API reference
This page documents the main public classes and training helpers exposed by
mcreweight.
Pipelines
- mcreweight.core.run_reweighting_pipeline(args, plotdir, weightsdir)
Main function to run the reweighting pipeline.
- mcreweight.core.apply_weights_pipeline(args, plotdir, weightsdir, out_weightsdir)
Main function to apply weights to the data using the trained model.
Training helpers
- mcreweight.train.train_and_test(mc, data, mcweights, sweights, columns, test_size)
Split the data into training and testing sets.
- Args:
mc (pd.DataFrame): MC data. data (pd.DataFrame): Data to reweight to. mcweights (np.ndarray): Weights for the MC data. sweights (np.ndarray): Sweights for the data. columns (list): List of column names to use for training. test_size (float): Proportion of the dataset to include in the test split.
- Returns:
sample (dict): Dictionary containing the training and testing splits for MC and data, along with their weights.
- mcreweight.train.gbreweight(args, sample, columns, study, weightsdir)
Train a GradientBoostingClassifier reweighter and predict weights for the test MC data.
- Args:
args: Command-line arguments containing configuration options. sample (dict): Dictionary containing training and test data along with their weights. columns (list): List of column names to use for training. study (optuna.study.Study): Optuna study object containing the best hyperparameters. weightsdir (str): Directory to save the model and weights.
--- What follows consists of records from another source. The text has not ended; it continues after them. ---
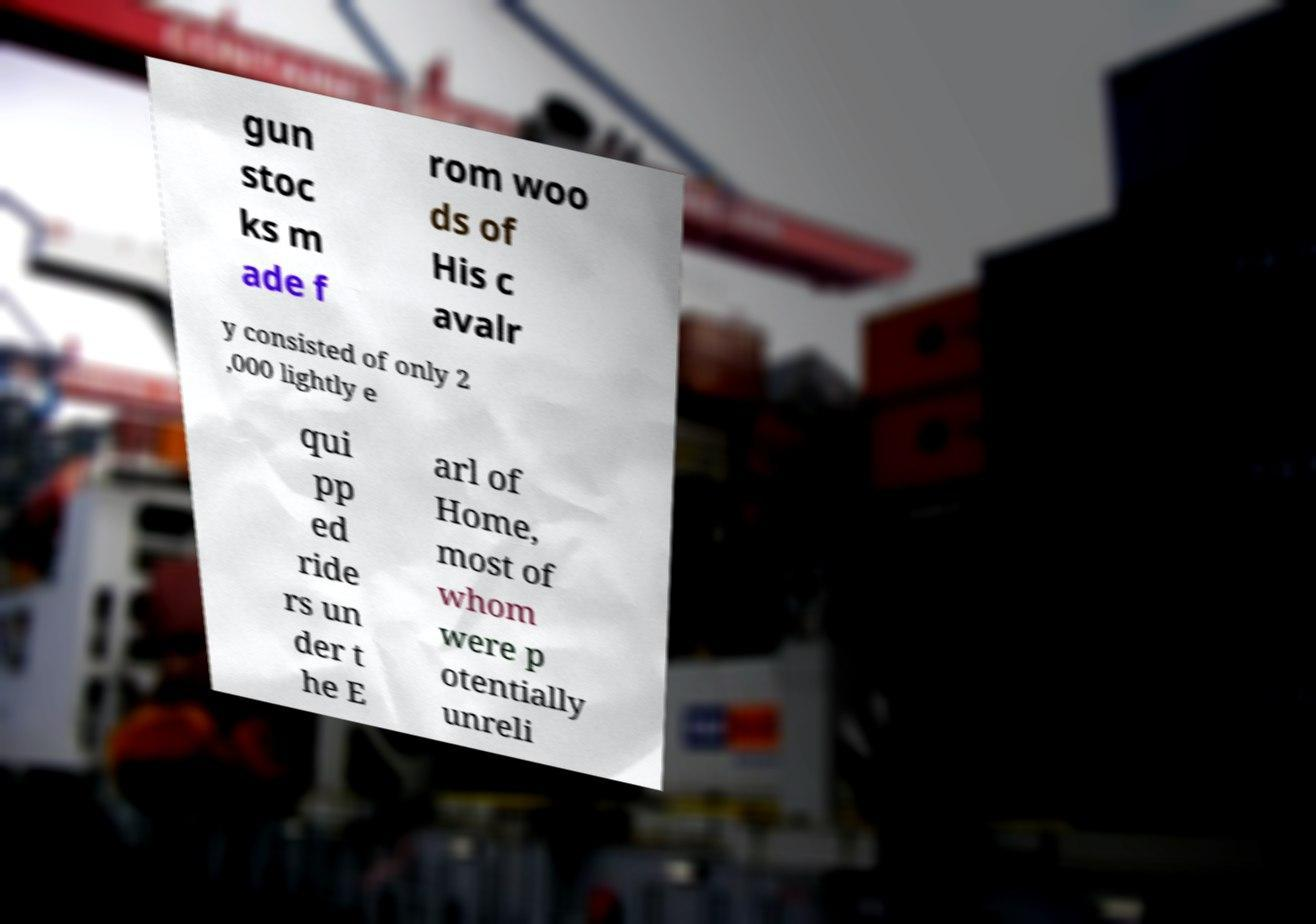Please identify and transcribe the text found in this image. gun stoc ks m ade f rom woo ds of His c avalr y consisted of only 2 ,000 lightly e qui pp ed ride rs un der t he E arl of Home, most of whom were p otentially unreli 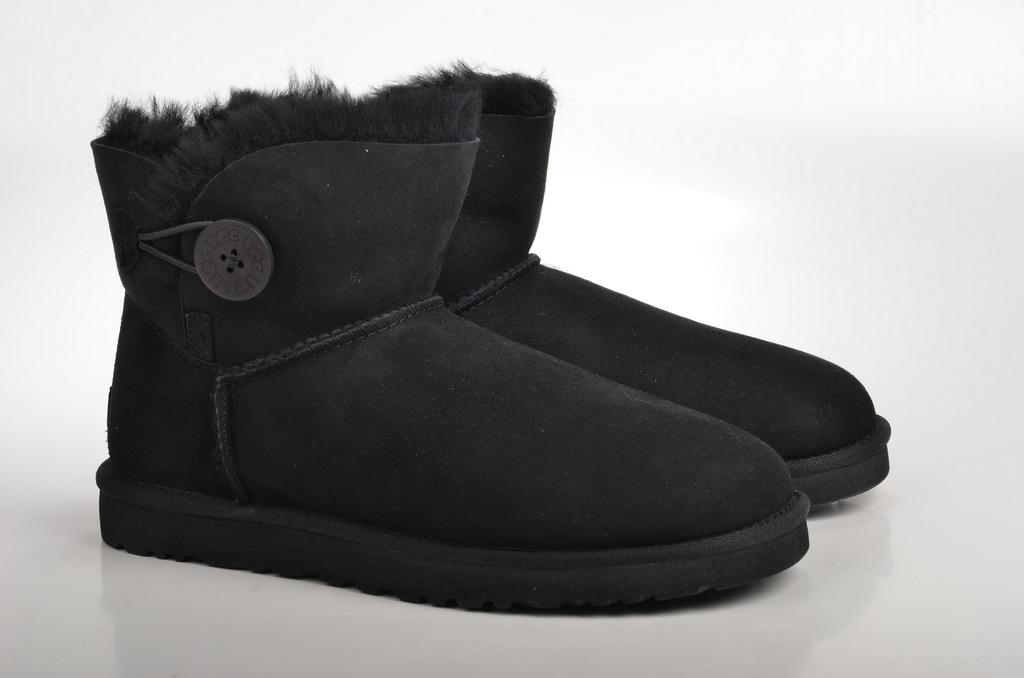What color is the footwear in the image? The footwear in the image is black. Where is the footwear located in the image? The footwear is on a surface. What color is the background of the image? The background of the image is white. How many dogs are visible in the image? There are no dogs present in the image. What time of day is depicted in the image? The time of day is not depicted in the image, as it does not contain any elements that would indicate the time. 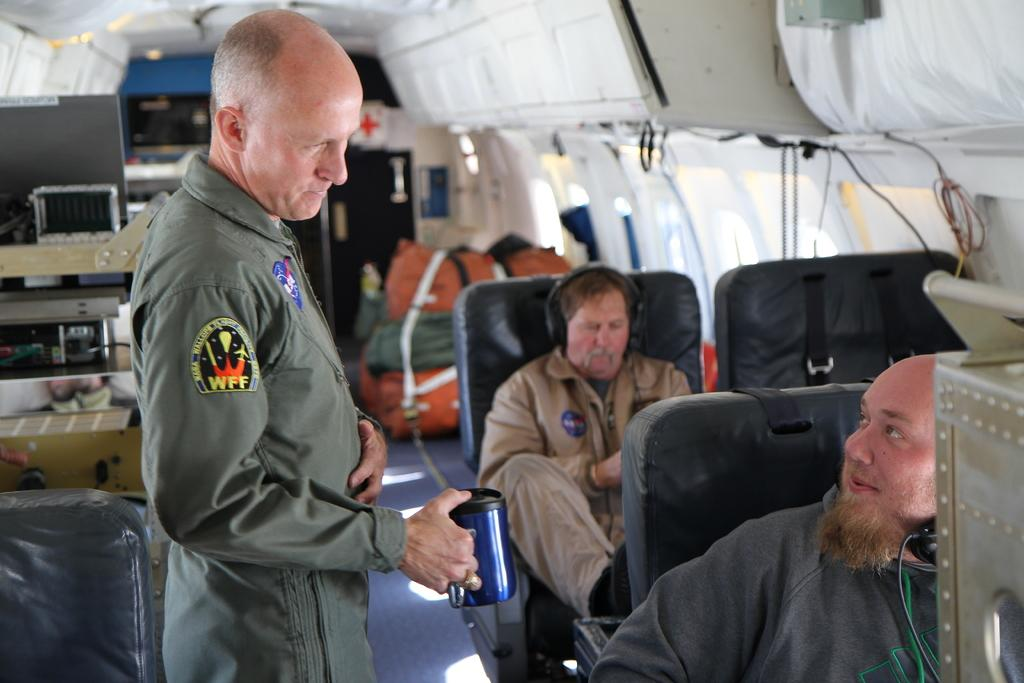What are the men in the image doing? The men in the image are seated on chairs. Is there anyone standing in the image? Yes, there is a man standing in the image. What objects can be seen near the seated men? Bags are visible in the image. Can you describe the man with a unique accessory? There is a man wearing a headset in the image. What type of yoke is being used by the men in the image? There is no yoke present in the image.

- mcreweight.train.onnxgbreweight(args, sample, columns, weightsdir, study=None)
Train an ONNX-exportable GB reweighter that mirrors hep_ml’s signed-weight loss.
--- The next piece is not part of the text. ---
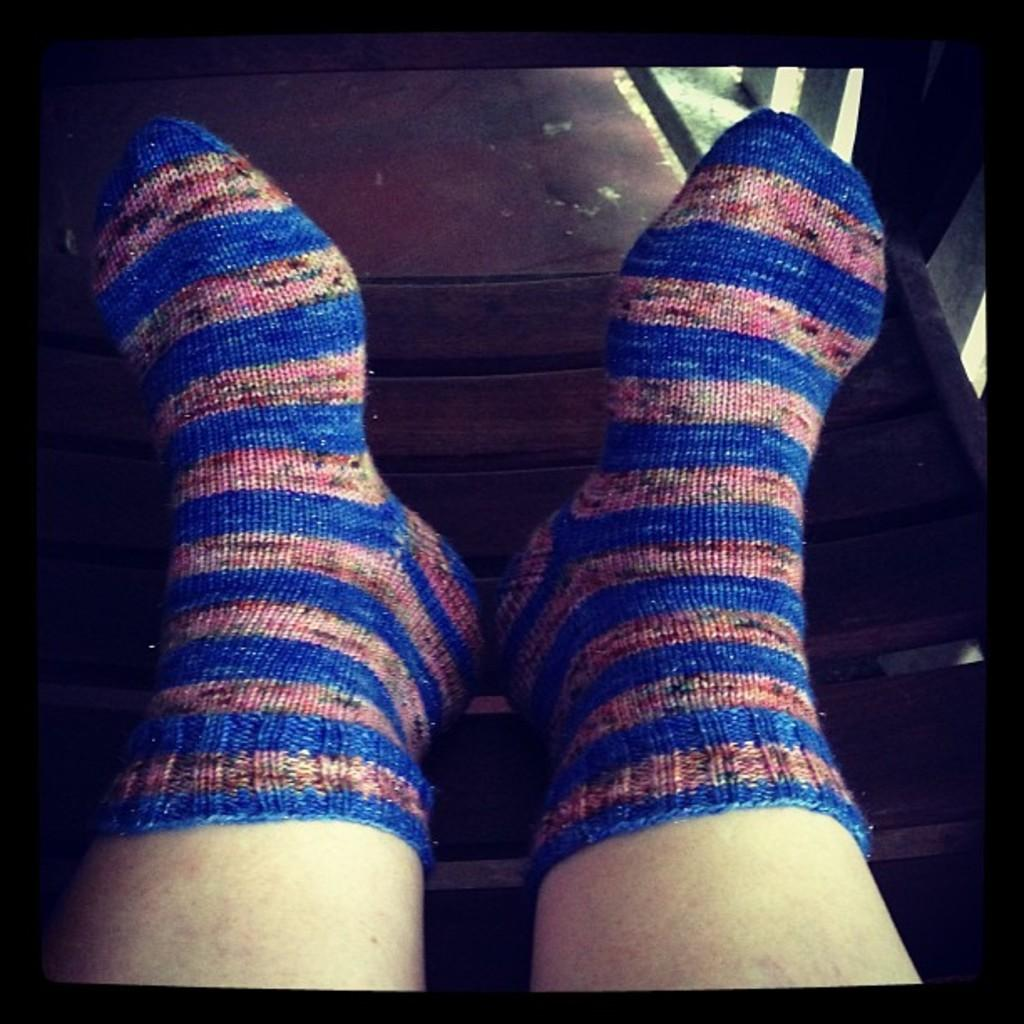What body part is visible in the image? There are a person's legs with socks in the image. What is the legs resting on in the image? The legs are on a wooden platform. What type of vegetation can be seen in the background of the image? There is grass visible in the background of the image. What type of toothbrush is being used to exchange information with the cart in the image? There is no toothbrush, exchange of information, or cart present in the image.

- mcreweight.train.xgbreweight(args, sample, columns, weightsdir, study=None)
Train an iterative XGBoost reweighter using best hyperparameters from Optuna, then predict weights on mc_test.
- Args:
args: Command-line arguments containing configuration options. sample (dict): Dictionary containing training and test data along with their weights. columns (list): List of column names to use for training. study (optuna.study.Study): Optuna study object containing the best hyperparameters. weightsdir (str): Directory to save the model and weights.
- mcreweight.train.nnreweight(args, sample, columns, weightsdir, study=None)
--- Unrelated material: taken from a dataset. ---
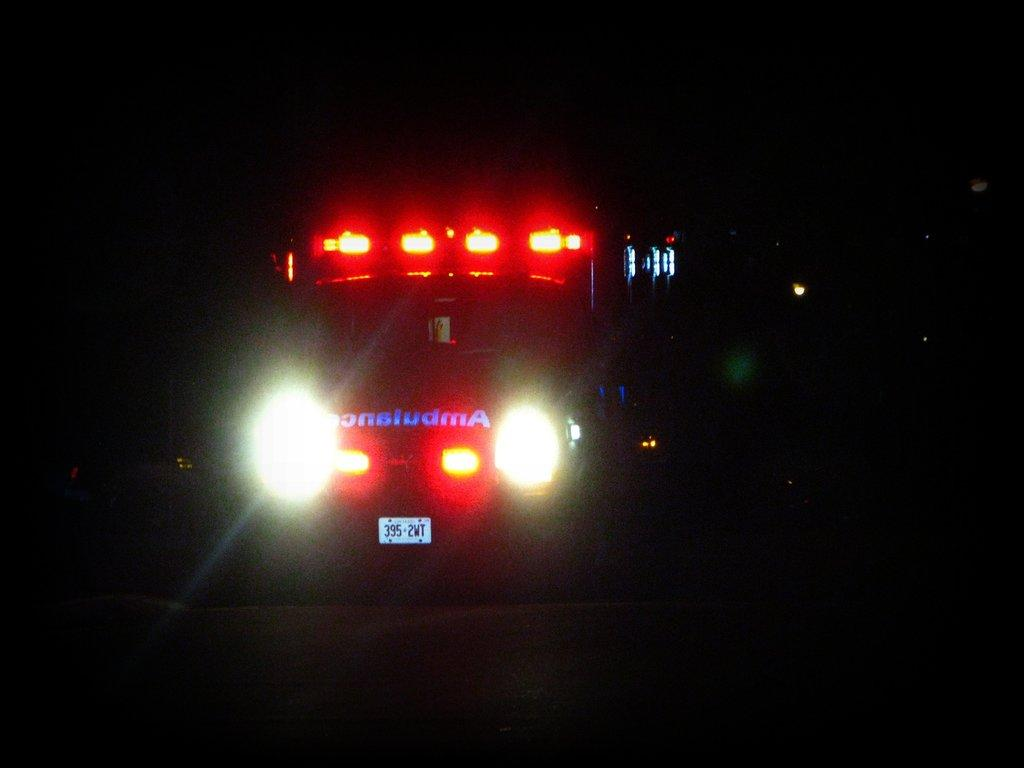What is the main subject of the image? The main subject of the image is a vehicle. What specific features can be seen on the vehicle? The vehicle has lights and a number plate. What is the color of the background in the image? The background of the image is dark. What type of cast can be seen on the vehicle's flesh in the image? There is no cast or flesh present on the vehicle in the image. What amusement park ride is visible in the background of the image? There is no amusement park ride visible in the image; the background is dark.

Train an iterative NN reweighter using best hyperparameters from Optuna, then predict weights on mc_test.
- Args:
args: Command-line arguments containing configuration options. sample (dict): Dictionary containing training and test data along with their weights. columns (list): List of column names to use for training. study (optuna.study.Study): Optuna study object containing the best hyperparameters. weightsdir (str): Directory to save the model and weights.
- Returns:
nn (ONNXINNReweighter): Trained NN reweighter model. new_mc_weights (np.ndarray): Predicted weights for the MC data using the trained NN reweighter.
- mcreweight.train.binning_reweight(
- args,
- sample,
- columns,
- n_bins,
- n_neighs,
- weightsdir,
Train an ONNXBinsReweighter and predict weights for the test MC data. Mirrors the behavior of the original BinsReweighter version, with ONNX support.
- Args:
args: Command-line arguments containing configuration options. sample (dict): Dictionary containing training and test data along with their weights. columns (list): List of column names to use for training. n_bins (int): Number of bins to use for the reweighter. n_neighs (float): Number of neighbors for smoothing (ignored in this function). weightsdir (str): Directory to save the model and weights.
- mcreweight.train.gbfolding(args, gb, sample, columns, n_folds, weightsdir)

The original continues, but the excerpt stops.